Il arrêta le moteur sans éteindre ses phares et regarda plus attentivement. La porte d’entrée était barbouillée d’œufs crus et de farine et il ne restait plus grand-chose de la lanterne ricanante qu’il avait confectionnée avec Nikki. « Satanés gamins ! » pesta David à voix haute. Un instant, il hésita à se lancer sur leurs traces, mais il abandonna vite cette idée en se disant qu’il n’avait que bien peu de chances de les retrouver dans le noir. C’est alors qu’il se rendit compte que la porte-fenêtre du salon avait subi de nouveaux dommages.
« Quelle bande de voyous ! » s’écria-t-il. Sortant de la voiture, il monta les marches du perron, pataugeant dans un mélange gluant d’œufs brisés et de tomates écrasées.
Toutefois, c’est lorsqu’il découvrit les débris du saladier éparpillés dans l’entrée que David commença à s’inquiéter sérieusement. Saisi par une bouffée d’angoisse, il appela à grands cris sa femme et sa fille qui déjà se précipitaient en haut de l’escalier. Nikki, qui pleurait à chaudes larmes, se jeta dans les bras de son père.
« Il avait un pistolet, papa, réussit-elle à articuler entre deux sanglots.
– Qui avait un pistolet ? Que s’est-il passé ? demanda David, maintenant fou d’inquiétude, en levant les yeux vers Angela assise sur une marche, le fusil entre les genoux.
– Nous avons eu de la visite, répondit Angela.
– Mais qui était-ce ? Qui est venu ?
– Je ne sais pas. Il portait un masque affreux et Nikki a raison, il était armé.
– Mon Dieu ! murmura David anéanti. Je n’aurais jamais dû vous laisser toutes les deux seules ici.
– Tu ne pouvais pas le prévoir, le consola Angela. Mais pourquoi rentres-tu si tard ?
– Nous avons eu toutes les peines du monde à imprimer ces fichiers et cela nous a pris beaucoup plus de temps que prévu. J’ai essayé de vous appeler sur le chemin du retour mais la ligne était toujours occupée. Les renseignements ont fini par m’expliquer qu’elle était en dérangement.
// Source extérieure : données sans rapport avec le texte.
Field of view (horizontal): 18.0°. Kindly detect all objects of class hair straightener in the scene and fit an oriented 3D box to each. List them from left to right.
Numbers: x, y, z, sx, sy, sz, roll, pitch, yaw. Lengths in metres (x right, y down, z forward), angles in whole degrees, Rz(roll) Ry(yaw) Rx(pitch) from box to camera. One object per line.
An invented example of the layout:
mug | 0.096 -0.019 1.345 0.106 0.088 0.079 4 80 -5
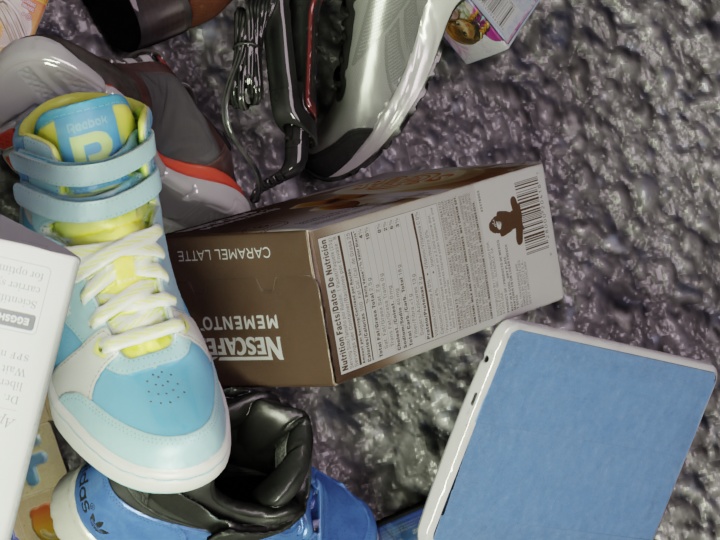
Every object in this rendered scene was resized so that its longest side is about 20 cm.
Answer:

– En fait, il semble que les fils aient été délibérément coupés. Probablement par notre visiteur.
– Tu as prévenu la police ?
– Sans téléphone, c’était facile, en effet !
– Excuse-moi, reprit David. Je ne sais plus ce que je dis.
– Nous sommes terrées là-haut, Nikki et moi, depuis que ce type a déguerpi, poursuivit Angela. Nous étions mortes de peur à l’idée qu’il revienne.
– Où est Rusty ? demanda David.
– Dans la grange. Nous avons dû l’enfermer tout à l’heure parce qu’il n’arrêtait pas d’aboyer après les gosses qui venaient sonner à la porte.
– Je vais chercher le téléphone portable dans ma voiture et j’en profiterai pour le faire sortir », déclara David en pressant l’épaule de Nikki.
Quand il poussa la porte, le même groupe d’adolescents s’égailla à son approche.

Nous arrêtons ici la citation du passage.